Required work: Exactly the lines from the one containing "Class: walnut." through the end of the data below are to be reproduced, and nothing besides them.

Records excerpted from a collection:
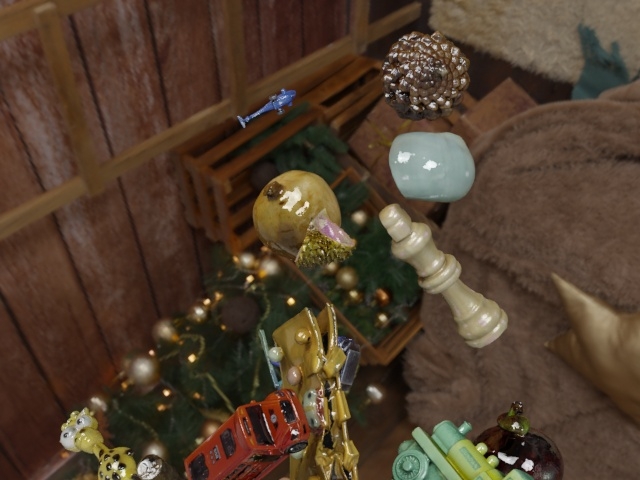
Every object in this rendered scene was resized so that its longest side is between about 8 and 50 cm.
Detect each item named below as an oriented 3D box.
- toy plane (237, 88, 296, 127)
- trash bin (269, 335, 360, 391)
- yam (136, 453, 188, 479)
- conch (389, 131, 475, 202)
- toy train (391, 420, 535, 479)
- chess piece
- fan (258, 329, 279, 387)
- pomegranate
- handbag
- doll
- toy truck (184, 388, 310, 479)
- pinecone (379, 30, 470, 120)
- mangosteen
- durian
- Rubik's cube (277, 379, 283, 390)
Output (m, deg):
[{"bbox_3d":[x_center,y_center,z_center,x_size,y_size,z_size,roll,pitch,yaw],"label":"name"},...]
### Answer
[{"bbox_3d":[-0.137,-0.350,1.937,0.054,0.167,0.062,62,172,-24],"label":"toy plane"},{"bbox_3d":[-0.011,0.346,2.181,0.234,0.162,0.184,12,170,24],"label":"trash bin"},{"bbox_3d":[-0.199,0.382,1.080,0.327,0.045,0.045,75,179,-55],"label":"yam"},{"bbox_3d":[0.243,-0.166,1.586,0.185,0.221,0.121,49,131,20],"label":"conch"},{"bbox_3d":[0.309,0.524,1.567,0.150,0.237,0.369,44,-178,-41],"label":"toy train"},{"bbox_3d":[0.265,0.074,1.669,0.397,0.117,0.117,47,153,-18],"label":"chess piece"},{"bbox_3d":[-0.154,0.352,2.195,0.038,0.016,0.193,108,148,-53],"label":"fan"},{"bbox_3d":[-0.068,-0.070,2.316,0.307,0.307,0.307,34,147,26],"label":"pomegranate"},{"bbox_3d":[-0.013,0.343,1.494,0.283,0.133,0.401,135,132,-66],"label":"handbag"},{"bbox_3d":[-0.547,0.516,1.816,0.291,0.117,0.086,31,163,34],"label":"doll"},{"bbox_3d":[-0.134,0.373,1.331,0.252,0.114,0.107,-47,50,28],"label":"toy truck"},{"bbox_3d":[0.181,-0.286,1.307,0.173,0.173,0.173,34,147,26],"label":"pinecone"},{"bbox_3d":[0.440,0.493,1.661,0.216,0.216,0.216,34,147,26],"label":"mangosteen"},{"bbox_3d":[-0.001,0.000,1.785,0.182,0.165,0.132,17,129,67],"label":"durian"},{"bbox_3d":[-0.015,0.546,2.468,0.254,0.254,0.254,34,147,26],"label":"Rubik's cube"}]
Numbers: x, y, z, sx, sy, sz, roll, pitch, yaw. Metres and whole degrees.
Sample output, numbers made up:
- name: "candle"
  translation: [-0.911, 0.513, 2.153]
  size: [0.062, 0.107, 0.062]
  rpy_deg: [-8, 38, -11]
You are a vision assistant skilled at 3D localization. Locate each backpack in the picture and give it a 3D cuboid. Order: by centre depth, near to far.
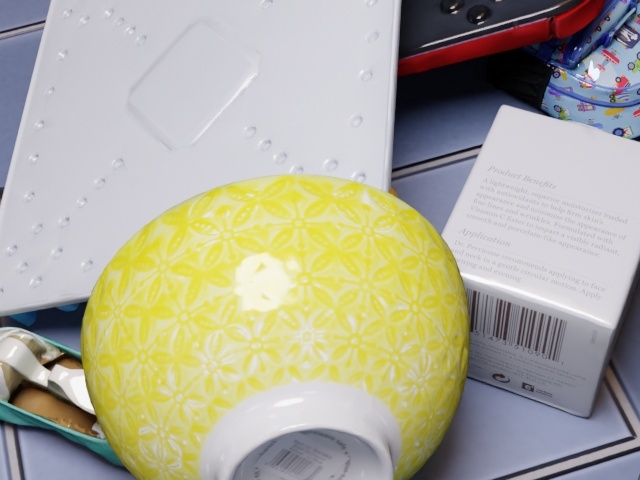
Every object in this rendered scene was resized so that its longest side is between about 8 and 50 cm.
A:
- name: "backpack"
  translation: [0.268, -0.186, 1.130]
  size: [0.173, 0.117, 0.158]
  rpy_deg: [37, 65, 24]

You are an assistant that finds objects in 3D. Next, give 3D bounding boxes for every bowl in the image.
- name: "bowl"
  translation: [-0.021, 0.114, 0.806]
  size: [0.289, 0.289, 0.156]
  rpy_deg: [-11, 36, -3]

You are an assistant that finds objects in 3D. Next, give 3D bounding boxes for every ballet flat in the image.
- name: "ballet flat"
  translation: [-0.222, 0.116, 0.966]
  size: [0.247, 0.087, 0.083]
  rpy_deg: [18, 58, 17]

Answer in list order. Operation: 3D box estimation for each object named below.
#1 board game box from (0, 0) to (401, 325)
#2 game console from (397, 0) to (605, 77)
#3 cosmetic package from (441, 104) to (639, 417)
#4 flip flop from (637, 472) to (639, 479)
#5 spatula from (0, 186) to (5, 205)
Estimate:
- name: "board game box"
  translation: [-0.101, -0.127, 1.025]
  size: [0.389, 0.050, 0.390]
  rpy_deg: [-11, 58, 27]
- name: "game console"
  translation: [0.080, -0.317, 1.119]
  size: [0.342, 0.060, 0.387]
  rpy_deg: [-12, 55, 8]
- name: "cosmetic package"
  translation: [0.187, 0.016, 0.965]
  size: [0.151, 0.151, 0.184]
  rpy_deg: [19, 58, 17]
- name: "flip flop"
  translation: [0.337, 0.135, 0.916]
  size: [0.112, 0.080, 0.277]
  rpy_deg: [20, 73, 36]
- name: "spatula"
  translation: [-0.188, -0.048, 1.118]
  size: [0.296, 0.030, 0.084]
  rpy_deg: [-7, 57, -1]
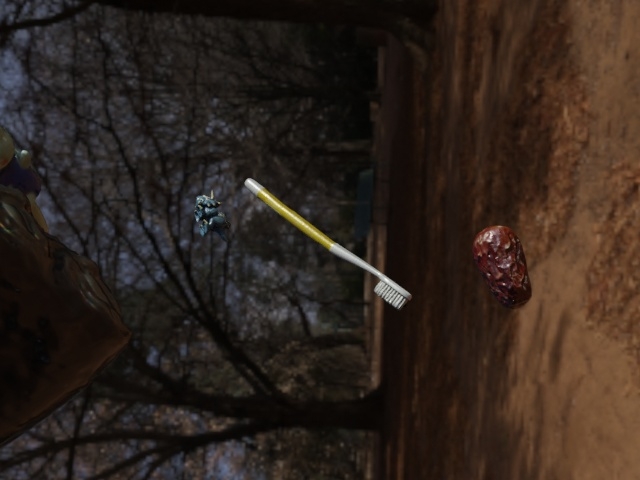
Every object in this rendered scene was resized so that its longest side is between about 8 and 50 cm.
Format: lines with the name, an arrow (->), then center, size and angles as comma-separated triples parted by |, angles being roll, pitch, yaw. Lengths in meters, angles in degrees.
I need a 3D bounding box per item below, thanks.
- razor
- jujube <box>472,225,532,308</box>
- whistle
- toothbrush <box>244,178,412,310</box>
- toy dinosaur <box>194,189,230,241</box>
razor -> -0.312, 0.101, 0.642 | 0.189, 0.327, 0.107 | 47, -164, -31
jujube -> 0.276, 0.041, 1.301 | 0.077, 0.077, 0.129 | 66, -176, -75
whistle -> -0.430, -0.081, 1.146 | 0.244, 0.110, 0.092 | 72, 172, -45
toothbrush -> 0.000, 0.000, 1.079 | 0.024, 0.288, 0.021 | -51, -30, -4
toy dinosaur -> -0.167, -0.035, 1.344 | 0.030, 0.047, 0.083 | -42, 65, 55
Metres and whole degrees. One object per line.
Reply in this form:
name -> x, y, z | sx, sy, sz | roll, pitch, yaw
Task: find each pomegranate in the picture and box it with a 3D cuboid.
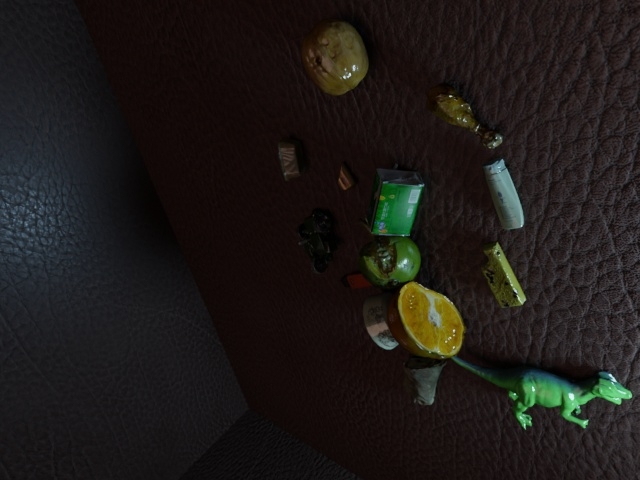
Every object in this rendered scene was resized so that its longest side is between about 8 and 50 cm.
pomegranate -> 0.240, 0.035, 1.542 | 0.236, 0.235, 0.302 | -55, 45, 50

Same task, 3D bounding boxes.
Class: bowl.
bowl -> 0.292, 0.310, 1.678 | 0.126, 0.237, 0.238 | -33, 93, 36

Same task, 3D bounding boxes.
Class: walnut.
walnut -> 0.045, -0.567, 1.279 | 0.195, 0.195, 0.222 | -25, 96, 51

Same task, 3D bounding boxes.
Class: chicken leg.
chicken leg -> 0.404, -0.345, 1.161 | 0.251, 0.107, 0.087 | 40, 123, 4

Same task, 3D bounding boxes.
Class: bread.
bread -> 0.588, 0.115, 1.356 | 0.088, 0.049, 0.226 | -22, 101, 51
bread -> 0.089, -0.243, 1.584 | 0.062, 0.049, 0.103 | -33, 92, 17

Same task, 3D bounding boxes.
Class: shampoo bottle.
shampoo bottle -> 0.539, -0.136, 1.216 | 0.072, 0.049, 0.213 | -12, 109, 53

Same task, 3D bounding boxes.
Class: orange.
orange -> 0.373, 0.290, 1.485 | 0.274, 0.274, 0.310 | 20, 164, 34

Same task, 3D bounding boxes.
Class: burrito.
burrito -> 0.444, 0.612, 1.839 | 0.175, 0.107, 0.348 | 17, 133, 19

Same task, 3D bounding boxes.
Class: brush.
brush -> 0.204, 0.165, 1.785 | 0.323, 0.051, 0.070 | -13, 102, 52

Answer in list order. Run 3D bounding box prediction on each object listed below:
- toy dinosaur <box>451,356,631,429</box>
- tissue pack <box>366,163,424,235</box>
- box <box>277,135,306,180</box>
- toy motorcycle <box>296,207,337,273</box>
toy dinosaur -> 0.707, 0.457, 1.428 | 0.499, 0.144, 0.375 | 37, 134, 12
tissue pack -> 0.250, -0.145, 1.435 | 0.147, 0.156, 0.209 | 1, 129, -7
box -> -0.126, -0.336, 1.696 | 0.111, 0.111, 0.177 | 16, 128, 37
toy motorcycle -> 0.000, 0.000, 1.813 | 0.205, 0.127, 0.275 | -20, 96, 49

Reply:
Class: walnut.
walnut -> 0.045, -0.567, 1.279 | 0.195, 0.195, 0.222 | -25, 96, 51

Same task, 3D bounding boxes.
Class: chicken leg.
chicken leg -> 0.404, -0.345, 1.161 | 0.251, 0.107, 0.087 | 40, 123, 4

Same task, 3D bounding boxes.
Class: bread.
bread -> 0.588, 0.115, 1.356 | 0.088, 0.049, 0.226 | -22, 101, 51
bread -> 0.089, -0.243, 1.584 | 0.062, 0.049, 0.103 | -33, 92, 17

Same task, 3D bounding boxes.
Class: shampoo bottle.
shampoo bottle -> 0.539, -0.136, 1.216 | 0.072, 0.049, 0.213 | -12, 109, 53

Same task, 3D bounding boxes.
Class: orange.
orange -> 0.373, 0.290, 1.485 | 0.274, 0.274, 0.310 | 20, 164, 34

Same task, 3D bounding boxes.
Class: burrito.
burrito -> 0.444, 0.612, 1.839 | 0.175, 0.107, 0.348 | 17, 133, 19

Same task, 3D bounding boxes.
Class: brush.
brush -> 0.204, 0.165, 1.785 | 0.323, 0.051, 0.070 | -13, 102, 52

Answer in list order. Run 3D bounding box prediction on each object listed below:
- toy dinosaur <box>451,356,631,429</box>
- tissue pack <box>366,163,424,235</box>
- box <box>277,135,306,180</box>
- toy motorcycle <box>296,207,337,273</box>
toy dinosaur -> 0.707, 0.457, 1.428 | 0.499, 0.144, 0.375 | 37, 134, 12
tissue pack -> 0.250, -0.145, 1.435 | 0.147, 0.156, 0.209 | 1, 129, -7
box -> -0.126, -0.336, 1.696 | 0.111, 0.111, 0.177 | 16, 128, 37
toy motorcycle -> 0.000, 0.000, 1.813 | 0.205, 0.127, 0.275 | -20, 96, 49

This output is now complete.